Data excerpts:
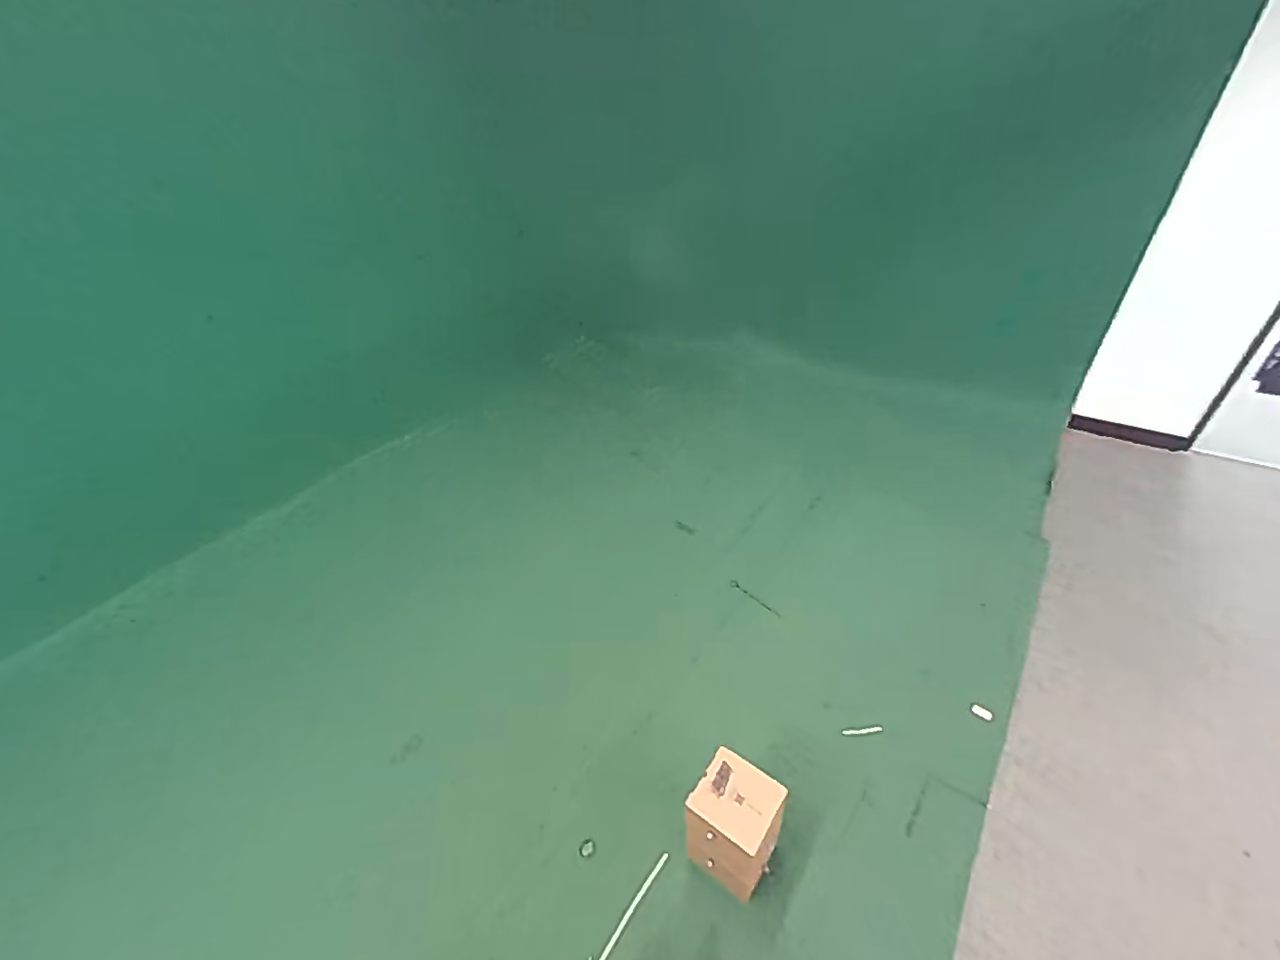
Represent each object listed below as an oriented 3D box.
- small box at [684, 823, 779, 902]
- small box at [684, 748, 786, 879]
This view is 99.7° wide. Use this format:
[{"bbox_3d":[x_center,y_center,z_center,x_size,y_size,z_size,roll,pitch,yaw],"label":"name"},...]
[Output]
[{"bbox_3d":[0.226,0.907,1.357,0.179,0.176,0.168,23,46,31],"label":"small box"},{"bbox_3d":[0.217,0.776,1.257,0.179,0.176,0.168,23,46,30],"label":"small box"}]
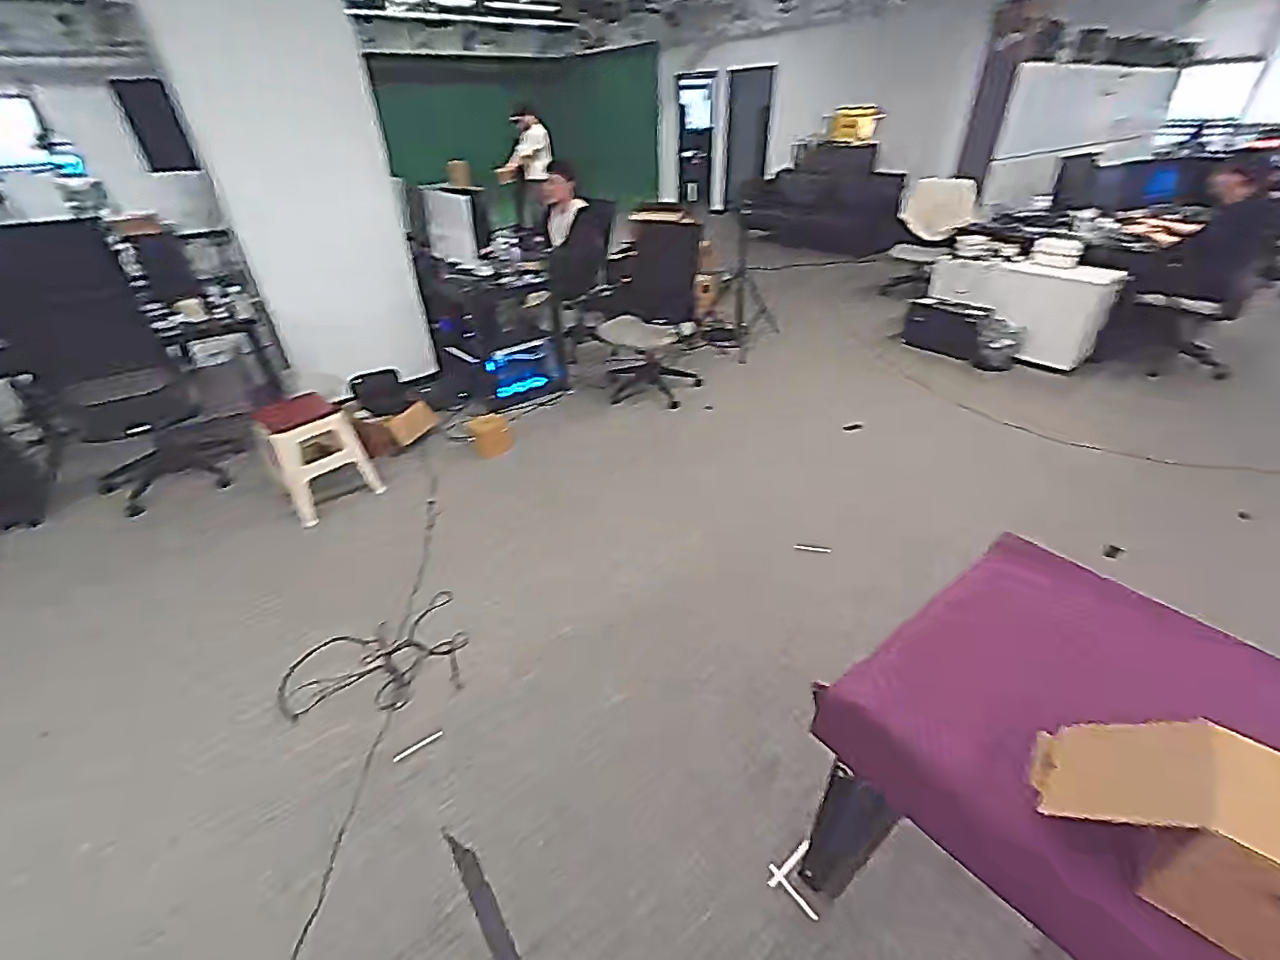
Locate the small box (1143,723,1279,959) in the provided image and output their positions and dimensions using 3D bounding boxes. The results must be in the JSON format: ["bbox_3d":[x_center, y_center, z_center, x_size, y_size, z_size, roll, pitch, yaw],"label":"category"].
[{"bbox_3d":[0.719,0.428,0.611,0.179,0.176,0.168,25,42,36],"label":"small box"}]

## WHAT TO WORK ON
Reproduce the records above exactly, but only from the line containing "- small box at [684, 748, 786, 879]" through the last line, both included, and without any pictures.

## RESPONSE
- small box at [684, 748, 786, 879]
This view is 99.7° wide. Use this format:
[{"bbox_3d":[x_center,y_center,z_center,x_size,y_size,z_size,roll,pitch,yaw],"label":"name"},...]
[Output]
[{"bbox_3d":[0.226,0.907,1.357,0.179,0.176,0.168,23,46,31],"label":"small box"},{"bbox_3d":[0.217,0.776,1.257,0.179,0.176,0.168,23,46,30],"label":"small box"}]
Locate the small box (1143,723,1279,959) in the provided image and output their positions and dimensions using 3D bounding boxes. The results must be in the JSON format: ["bbox_3d":[x_center, y_center, z_center, x_size, y_size, z_size, roll, pitch, yaw],"label":"category"].
[{"bbox_3d":[0.719,0.428,0.611,0.179,0.176,0.168,25,42,36],"label":"small box"}]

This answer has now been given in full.